Templeton I E, Thummel K E, Kharasch E D, Kunze K L, Hoffer C, Nelson W L, Isoherranen N
Department of Pharmaceutics, School of Pharmacy, University of Washington, Seattle, Washington, USA.
Clin Pharmacol Ther. 2008 Jan;83(1):77-85. doi: 10.1038/sj.clpt.6100230. Epub 2007 May 9.
Itraconazole (ITZ) is metabolized in vitro to three inhibitory metabolites: hydroxy-itraconazole (OH-ITZ), keto-itraconazole (keto-ITZ), and N-desalkyl-itraconazole (ND-ITZ). The goal of this study was to determine the contribution of these metabolites to drug-drug interactions caused by ITZ. Six healthy volunteers received 100 mg ITZ orally for 7 days, and pharmacokinetic analysis was conducted at days 1 and 7 of the study.

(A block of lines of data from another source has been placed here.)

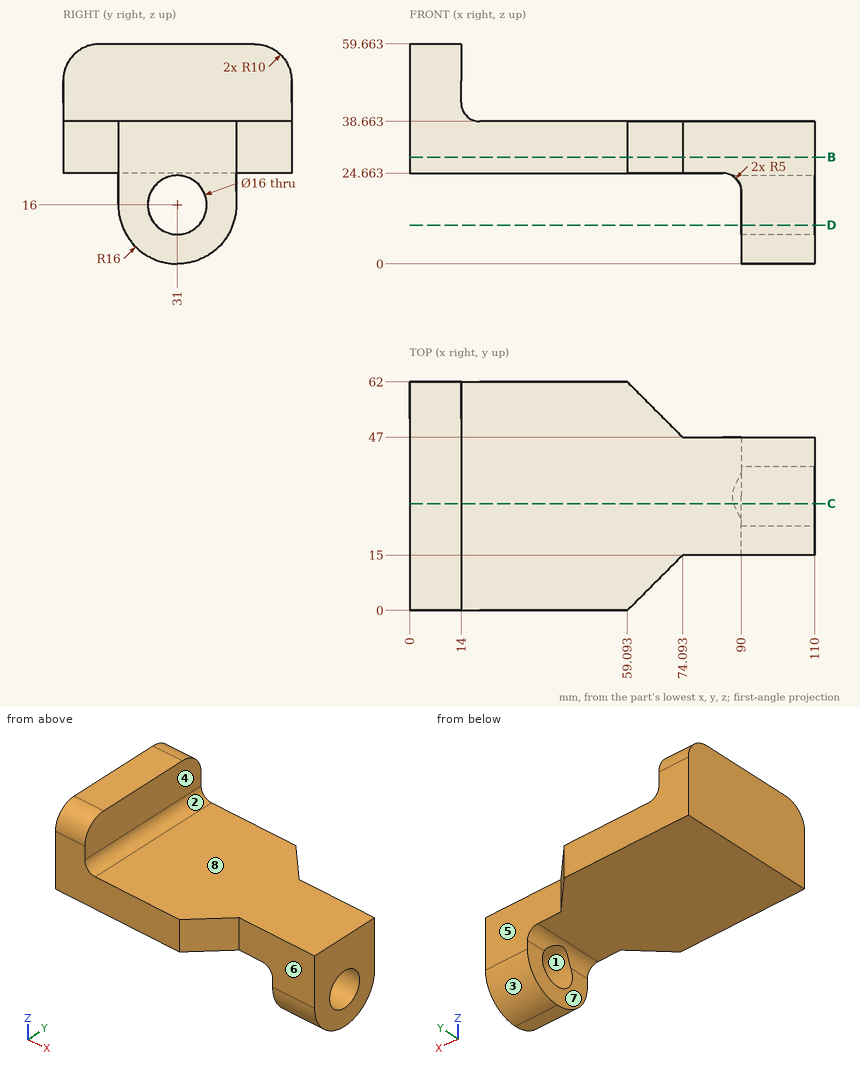
Geometry: see drawing. Coordinates: mm, zero at the bounding-box minimum. A direction names the side the tool comes from. Round coordinates to 2 decimals unless told otherwise and drop trailing zeros. Loops run counter-clockwise (first coordinate to the right, second up) from the corner with the lowest first, then second, coordinate; pieces in that order, holes last. Notation, with made-up numbers: (29.25, 7) -> (60.25, 7) arc R24 ccw to (60.25, 30) -> close; hole circle Ø11 at (-5.75, 75.5). An arc over 180 degrees is marked (long way). Write each question's results on one line, items separated by ' | '.
1. First-contact query: P1, Ø6, axis at y = 32.5, z = 12.5, coming from the -X side; P2, Ø25, axis at x = 91, z = 30, coming from the -Y side; P3, Ø3, axis at x = 58, y = 42, coming from the +Z side; P4, Ø5, axis at y = 34, z = 55.5, coming from the +X side. Flat tips, straight axial feed; report the tip coordinate or a pass-through.
Geometry results:
P1: through | P2: y = 15 | P3: z = 38.66 | P4: x = 14
2. Section D-D (z = 10.5). Return loops of the section in (x, y) (1 decimal).
Geometry results:
outline: (90, 16) -> (110, 16) -> (110, 25.2) -> (90, 25.2) -> close; (90, 36.8) -> (110, 36.8) -> (110, 46) -> (90, 46) -> close
3. Section C-C (y = 29). Return loops of the section in (x, z).
Geometry results:
outline: (0, 24.66) -> (85, 24.66) arc R5 cw to (87.89, 23.75) -> (110, 23.75) -> (110, 38.66) -> (19, 38.66) arc R5 cw to (14, 43.66) -> (14, 59.66) -> (0, 59.66) -> close; (90, 0.13) -> (110, 0.13) -> (110, 8.25) -> (90, 8.25) -> close
4. Ray query, line 1 (Z direction, x = 101, y = 31); line 2 (X direction, y = 56.5, z = 52.5); line 3 (Z direction, x = 30.5, y = 44). Return the intervals inside material, ascending. Write a range as from..to.
Geometry results:
line 1: 0..8, 24..38.66 | line 2: 0..14 | line 3: 24.66..38.66
5. Section B-B (z = 29). Return loops of the section in (x, y).
Geometry results:
outline: (0, 0) -> (59.09, 0) -> (74.09, 15) -> (110, 15) -> (110, 47) -> (74.09, 47) -> (59.09, 62) -> (0, 62) -> close
6. Set-up query: the marked faces 5, 6, 7 and 8. Return all of +Z, -Z, +X, -X, +Y, -Y with unobstructed straight access to the full face (end or side cutting, diameter ignored); none if empty.
Geometry results:
face 5: +Z, -Z, +X, +Y | face 6: +Z, -Z, +X, -Y | face 7: -Z, -X, +Y, -Y | face 8: +Z, +X, +Y, -Y
7. Mould query, pull axis Z, two halves, no side actions, for the marked faces 1, 2, 3 and 4. Classes: +Z half, -Z half, draft (parallel to the pull), parting line (faces both ways), or undercut.
Geometry results:
face 1: undercut | face 2: +Z half | face 3: -Z half | face 4: draft

The extent of CYP3A4 inhibition by ITZ and its metabolites was predicted using this data. ITZ, OH-ITZ, keto-ITZ, and ND-ITZ were detected in plasma samples of all volunteers. A 3.9-fold decrease in the hepatic intrinsic clearance of a CYP3A4 substrate was predicted using the average unbound steady-state concentrations (C(ss,ave,u)) and liver microsomal inhibition constants for ITZ, OH-ITZ, keto-ITZ, and ND-ITZ. Accounting for circulating metabolites of ITZ significantly improved the in vitro to in vivo extrapolation of CYP3A4 inhibition compared to a consideration of ITZ exposure alone.

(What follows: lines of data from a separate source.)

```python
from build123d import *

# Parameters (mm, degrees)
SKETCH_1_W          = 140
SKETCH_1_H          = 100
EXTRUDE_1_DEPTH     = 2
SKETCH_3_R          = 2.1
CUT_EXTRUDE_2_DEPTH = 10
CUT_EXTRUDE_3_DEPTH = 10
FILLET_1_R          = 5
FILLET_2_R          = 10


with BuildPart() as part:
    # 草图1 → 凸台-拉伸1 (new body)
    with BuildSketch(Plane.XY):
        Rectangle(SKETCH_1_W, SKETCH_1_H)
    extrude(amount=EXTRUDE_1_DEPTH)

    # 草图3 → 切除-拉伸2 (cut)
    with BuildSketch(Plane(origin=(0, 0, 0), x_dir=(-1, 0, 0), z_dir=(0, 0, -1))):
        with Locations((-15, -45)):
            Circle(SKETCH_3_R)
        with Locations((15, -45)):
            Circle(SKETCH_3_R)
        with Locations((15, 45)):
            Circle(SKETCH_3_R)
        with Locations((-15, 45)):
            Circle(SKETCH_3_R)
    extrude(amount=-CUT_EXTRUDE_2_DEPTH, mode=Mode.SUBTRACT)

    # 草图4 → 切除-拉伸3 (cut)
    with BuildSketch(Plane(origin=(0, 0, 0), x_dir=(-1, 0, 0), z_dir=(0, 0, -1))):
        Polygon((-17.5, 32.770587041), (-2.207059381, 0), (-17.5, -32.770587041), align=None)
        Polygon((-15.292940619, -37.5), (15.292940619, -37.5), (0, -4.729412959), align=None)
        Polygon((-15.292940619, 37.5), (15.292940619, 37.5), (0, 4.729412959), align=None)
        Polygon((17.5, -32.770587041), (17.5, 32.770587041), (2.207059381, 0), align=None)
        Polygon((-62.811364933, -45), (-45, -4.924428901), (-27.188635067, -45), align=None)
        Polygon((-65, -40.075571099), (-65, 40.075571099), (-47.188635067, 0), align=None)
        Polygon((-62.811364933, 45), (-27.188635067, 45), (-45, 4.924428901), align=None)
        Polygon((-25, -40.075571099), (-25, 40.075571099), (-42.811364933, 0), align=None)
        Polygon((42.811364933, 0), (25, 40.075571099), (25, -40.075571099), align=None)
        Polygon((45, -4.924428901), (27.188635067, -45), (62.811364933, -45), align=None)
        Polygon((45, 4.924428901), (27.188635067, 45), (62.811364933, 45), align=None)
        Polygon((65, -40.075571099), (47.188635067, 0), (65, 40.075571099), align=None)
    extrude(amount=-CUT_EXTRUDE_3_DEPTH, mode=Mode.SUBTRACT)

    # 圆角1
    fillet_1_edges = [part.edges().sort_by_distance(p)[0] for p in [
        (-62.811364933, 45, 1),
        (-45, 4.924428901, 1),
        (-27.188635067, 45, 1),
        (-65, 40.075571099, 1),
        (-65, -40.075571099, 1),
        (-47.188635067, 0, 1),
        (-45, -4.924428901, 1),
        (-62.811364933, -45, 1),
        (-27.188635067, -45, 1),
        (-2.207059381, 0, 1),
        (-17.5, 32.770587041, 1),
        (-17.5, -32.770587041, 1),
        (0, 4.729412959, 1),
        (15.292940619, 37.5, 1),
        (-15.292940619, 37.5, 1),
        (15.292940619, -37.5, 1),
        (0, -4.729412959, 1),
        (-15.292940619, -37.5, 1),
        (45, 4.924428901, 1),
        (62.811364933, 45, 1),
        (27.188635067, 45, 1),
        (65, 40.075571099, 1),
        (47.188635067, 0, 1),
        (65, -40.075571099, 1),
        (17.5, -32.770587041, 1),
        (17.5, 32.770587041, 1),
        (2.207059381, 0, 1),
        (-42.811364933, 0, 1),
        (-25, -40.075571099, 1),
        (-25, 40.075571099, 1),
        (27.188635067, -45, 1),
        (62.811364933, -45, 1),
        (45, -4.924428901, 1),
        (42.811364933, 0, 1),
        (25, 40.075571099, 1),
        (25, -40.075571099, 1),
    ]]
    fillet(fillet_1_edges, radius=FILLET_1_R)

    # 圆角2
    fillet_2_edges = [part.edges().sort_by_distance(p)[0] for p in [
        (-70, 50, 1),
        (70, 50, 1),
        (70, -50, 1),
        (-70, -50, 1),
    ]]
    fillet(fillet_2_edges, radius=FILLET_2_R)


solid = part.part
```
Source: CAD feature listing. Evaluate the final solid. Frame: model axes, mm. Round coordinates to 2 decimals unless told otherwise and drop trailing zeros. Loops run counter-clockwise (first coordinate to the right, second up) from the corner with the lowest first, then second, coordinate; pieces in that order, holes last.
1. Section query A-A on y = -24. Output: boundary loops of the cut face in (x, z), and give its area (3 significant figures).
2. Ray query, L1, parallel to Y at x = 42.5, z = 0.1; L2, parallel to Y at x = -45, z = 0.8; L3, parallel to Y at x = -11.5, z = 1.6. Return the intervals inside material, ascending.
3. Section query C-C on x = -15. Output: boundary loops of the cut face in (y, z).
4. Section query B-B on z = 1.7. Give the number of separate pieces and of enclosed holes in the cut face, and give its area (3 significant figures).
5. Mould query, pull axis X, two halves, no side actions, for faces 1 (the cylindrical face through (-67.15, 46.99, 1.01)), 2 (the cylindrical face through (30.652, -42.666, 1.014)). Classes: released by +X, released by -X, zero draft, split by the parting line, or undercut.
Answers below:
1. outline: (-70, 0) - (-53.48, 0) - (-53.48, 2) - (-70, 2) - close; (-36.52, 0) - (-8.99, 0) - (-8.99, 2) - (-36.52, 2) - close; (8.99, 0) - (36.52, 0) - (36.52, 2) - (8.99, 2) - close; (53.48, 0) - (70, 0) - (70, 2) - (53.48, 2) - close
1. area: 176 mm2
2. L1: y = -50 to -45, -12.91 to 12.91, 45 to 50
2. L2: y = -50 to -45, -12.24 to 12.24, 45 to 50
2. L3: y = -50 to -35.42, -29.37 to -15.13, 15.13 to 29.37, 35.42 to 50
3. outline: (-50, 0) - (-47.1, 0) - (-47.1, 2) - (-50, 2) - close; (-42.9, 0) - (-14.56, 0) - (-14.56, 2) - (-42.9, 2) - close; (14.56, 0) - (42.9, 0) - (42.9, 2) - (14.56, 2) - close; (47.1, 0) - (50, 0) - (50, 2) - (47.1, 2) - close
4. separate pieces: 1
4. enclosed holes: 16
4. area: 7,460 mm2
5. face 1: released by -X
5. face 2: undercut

伊曲康唑(ITZ)在体外代谢为三种抑制性代谢产物:羟基伊曲康唑(OH-ITZ)、酮基伊曲康唑(keto-ITZ)和N-去烷基伊曲康唑(ND-ITZ)。本研究的目的是确定这些代谢产物对ITZ引起的药物相互作用的贡献。六名健康志愿者口服100 mg ITZ,持续7天,并在研究的第1天和第7天进行药代动力学分析。利用这些数据预测了ITZ及其代谢产物对CYP3A4的抑制程度。在所有志愿者的血浆样本中均检测到了ITZ、OH-ITZ、keto-ITZ和ND-ITZ。利用ITZ、OH-ITZ、keto-ITZ和ND-ITZ的平均非结合稳态浓度(C(ss,ave,u))和肝微粒体抑制常数,预测了CYP3A4底物肝内在清除率下降3.9倍。与仅考虑ITZ暴露相比,考虑ITZ的循环代谢产物显著改善了CYP3A4抑制从体外到体内的外推。